WORK TO BE COMPLETED
Please retype the records below exactly as they appear, leaving out every picture.

SUPPLIED MATERIAL
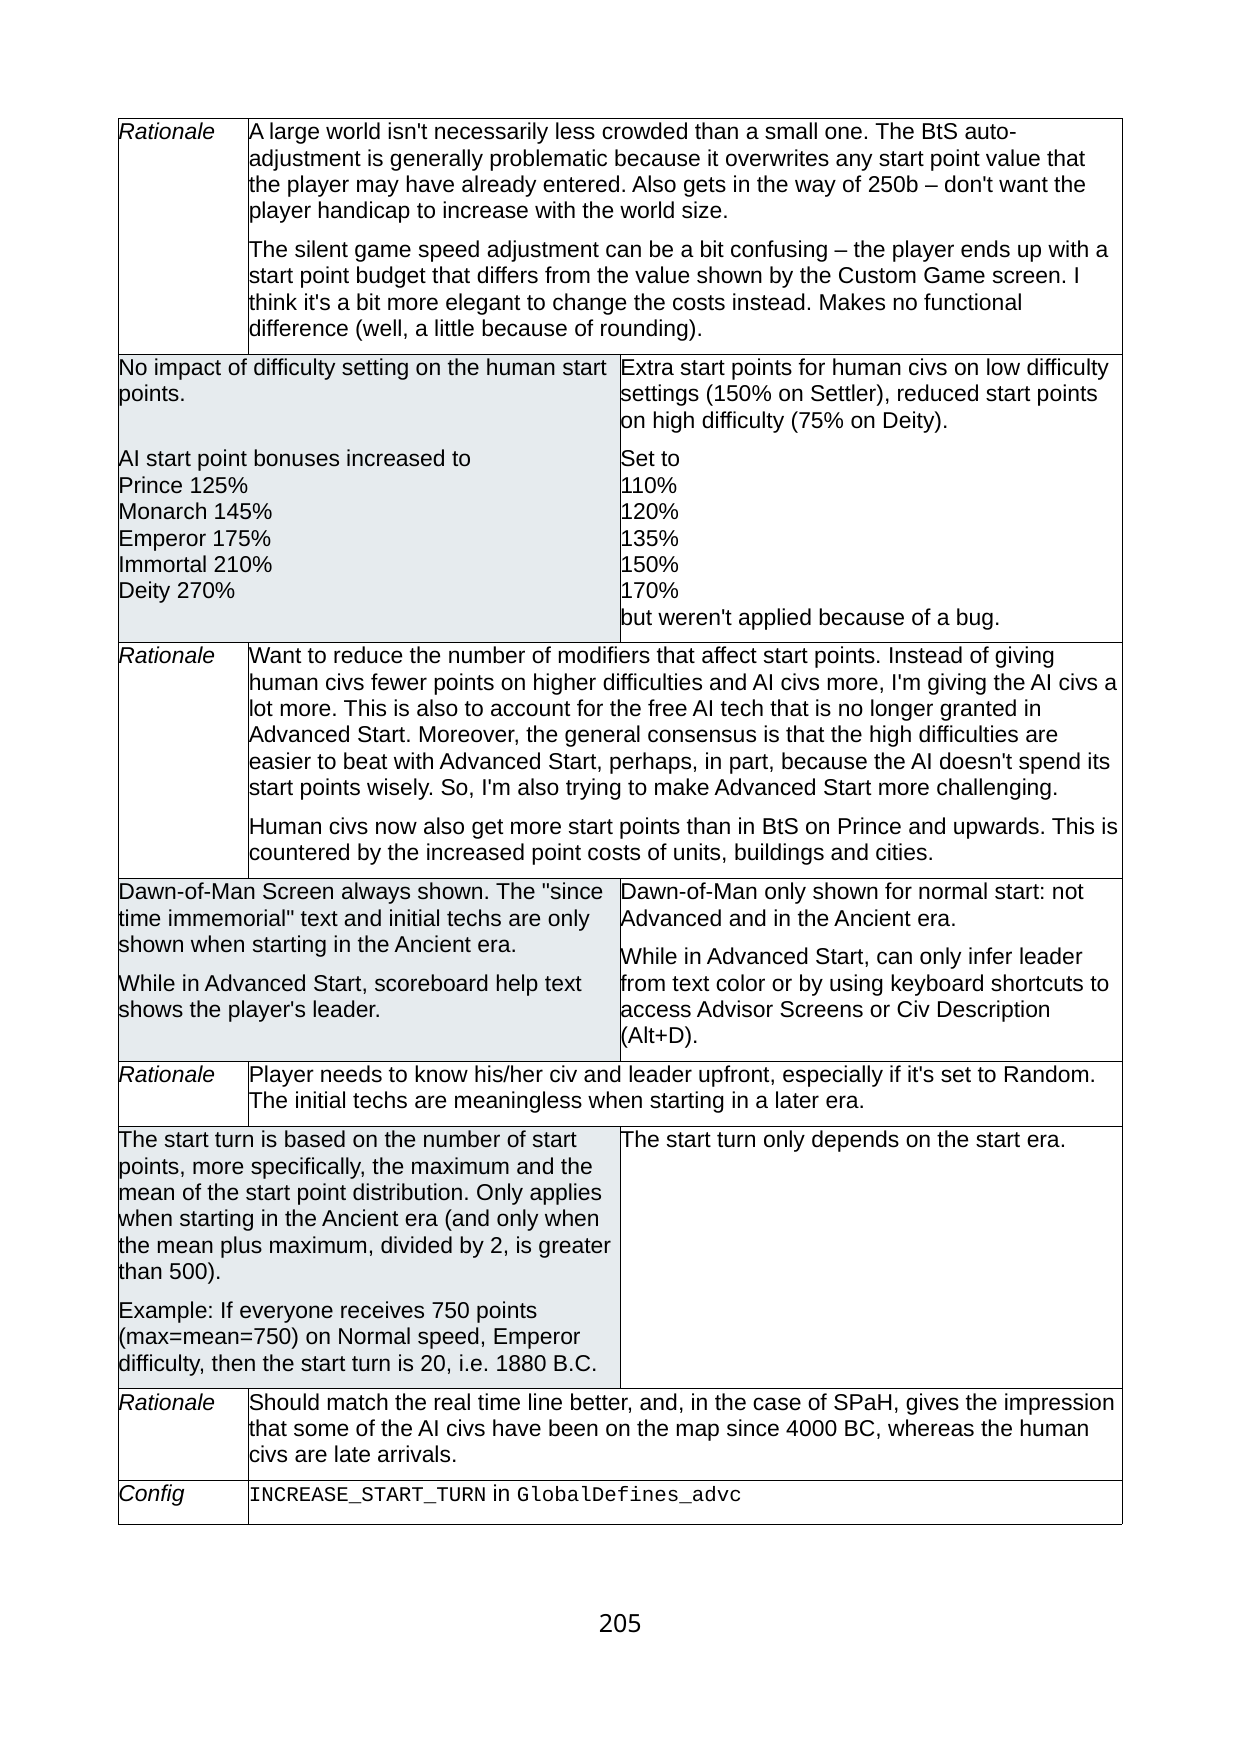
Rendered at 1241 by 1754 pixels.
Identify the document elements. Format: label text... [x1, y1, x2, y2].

table_cell Should match the real time line better, and, in the case of SPaH, gives the impression that some of the AI civs have been on the map since 4000 BC, whereas the human civs are late arrivals. [249, 1389, 1122, 1480]
table_cell Dawn-of-Man Screen always shown. The "since time immemorial" text and initial techs are only shown when starting in the Ancient era. While in Advanced Start, scoreboard help text shows the player's leader. [119, 879, 620, 1061]
table_cell Rationale [119, 1389, 248, 1480]
table_cell The start turn is based on the number of start points, more specifically, the maximum and the mean of the start point distribution. Only applies when starting in the Ancient era (and only when the mean plus maximum, divided by 2, is greater than 500). Example: If everyone receives 750 points (max=mean=750) on Normal speed, Emperor difficulty, then the start turn is 20, i.e. 1880 B.C. [119, 1127, 620, 1388]
table_cell INCREASE_START_TURN in GlobalDefines_advc [249, 1481, 1122, 1524]
table_cell Rationale [119, 643, 248, 878]
table_cell A large world isn't necessarily less crowded than a small one. The BtS auto-adjustment is generally problematic because it overwrites any start point value that the player may have already entered. Also gets in the way of 250b – don't want the player handicap to increase with the world size. The silent game speed adjustment can be a bit confusing – the player ends up with a start point budget that differs from the value shown by the Custom Game screen. I think it's a bit more elegant to change the costs instead. Makes no functional difference (well, a little because of rounding). [249, 119, 1122, 354]
table_cell Config [119, 1481, 248, 1524]
table_cell Rationale [119, 1062, 248, 1126]
table_cell Want to reduce the number of modifiers that affect start points. Instead of giving human civs fewer points on higher difficulties and AI civs more, I'm giving the AI civs a lot more. This is also to account for the free AI tech that is no longer granted in Advanced Start. Moreover, the general consensus is that the high difficulties are easier to beat with Advanced Start, perhaps, in part, because the AI doesn't spend its start points wisely. So, I'm also trying to make Advanced Start more challenging. Human civs now also get more start points than in BtS on Prince and upwards. This is countered by the increased point costs of units, buildings and cities. [249, 643, 1122, 878]
table_cell No impact of difficulty setting on the human start points. AI start point bonuses increased to Prince 125% Monarch 145% Emperor 175% Immortal 210% Deity 270% [119, 355, 620, 642]
table_cell Player needs to know his/her civ and leader upfront, especially if it's set to Random. The initial techs are meaningless when starting in a later era. [249, 1062, 1122, 1126]
table_cell Extra start points for human civs on low difficulty settings (150% on Settler), reduced start points on high difficulty (75% on Deity). Set to 110% 120% 135% 150% 170% but weren't applied because of a bug. [621, 355, 1122, 642]
table_cell Dawn-of-Man only shown for normal start: not Advanced and in the Ancient era. While in Advanced Start, can only infer leader from text color or by using keyboard shortcuts to access Advisor Screens or Civ Description (Alt+D). [621, 879, 1122, 1061]
table_cell Rationale [119, 119, 248, 354]
table_cell The start turn only depends on the start era. [621, 1127, 1122, 1388]

EXERCISE RESPONSE
Rendered at 1241 by 1754 pixels.
Identify the document elements. Format: label text... [x1, y1, x2, y2].

table_cell Should match the real time line better, and, in the case of SPaH, gives the impression that some of the AI civs have been on the map since 4000 BC, whereas the human civs are late arrivals. [249, 1389, 1122, 1480]
table_cell Dawn-of-Man Screen always shown. The "since time immemorial" text and initial techs are only shown when starting in the Ancient era. While in Advanced Start, scoreboard help text shows the player's leader. [119, 879, 620, 1061]
table_cell Rationale [119, 1389, 248, 1480]
table_cell The start turn is based on the number of start points, more specifically, the maximum and the mean of the start point distribution. Only applies when starting in the Ancient era (and only when the mean plus maximum, divided by 2, is greater than 500). Example: If everyone receives 750 points (max=mean=750) on Normal speed, Emperor difficulty, then the start turn is 20, i.e. 1880 B.C. [119, 1127, 620, 1388]
table_cell INCREASE_START_TURN in GlobalDefines_advc [249, 1481, 1122, 1524]
table_cell Rationale [119, 643, 248, 878]
table_cell A large world isn't necessarily less crowded than a small one. The BtS auto-adjustment is generally problematic because it overwrites any start point value that the player may have already entered. Also gets in the way of 250b – don't want the player handicap to increase with the world size. The silent game speed adjustment can be a bit confusing – the player ends up with a start point budget that differs from the value shown by the Custom Game screen. I think it's a bit more elegant to change the costs instead. Makes no functional difference (well, a little because of rounding). [249, 119, 1122, 354]
table_cell Config [119, 1481, 248, 1524]
table_cell Rationale [119, 1062, 248, 1126]
table_cell Want to reduce the number of modifiers that affect start points. Instead of giving human civs fewer points on higher difficulties and AI civs more, I'm giving the AI civs a lot more. This is also to account for the free AI tech that is no longer granted in Advanced Start. Moreover, the general consensus is that the high difficulties are easier to beat with Advanced Start, perhaps, in part, because the AI doesn't spend its start points wisely. So, I'm also trying to make Advanced Start more challenging. Human civs now also get more start points than in BtS on Prince and upwards. This is countered by the increased point costs of units, buildings and cities. [249, 643, 1122, 878]
table_cell No impact of difficulty setting on the human start points. AI start point bonuses increased to Prince 125% Monarch 145% Emperor 175% Immortal 210% Deity 270% [119, 355, 620, 642]
table_cell Player needs to know his/her civ and leader upfront, especially if it's set to Random. The initial techs are meaningless when starting in a later era. [249, 1062, 1122, 1126]
table_cell Extra start points for human civs on low difficulty settings (150% on Settler), reduced start points on high difficulty (75% on Deity). Set to 110% 120% 135% 150% 170% but weren't applied because of a bug. [621, 355, 1122, 642]
table_cell Dawn-of-Man only shown for normal start: not Advanced and in the Ancient era. While in Advanced Start, can only infer leader from text color or by using keyboard shortcuts to access Advisor Screens or Civ Description (Alt+D). [621, 879, 1122, 1061]
table_cell Rationale [119, 119, 248, 354]
table_cell The start turn only depends on the start era. [621, 1127, 1122, 1388]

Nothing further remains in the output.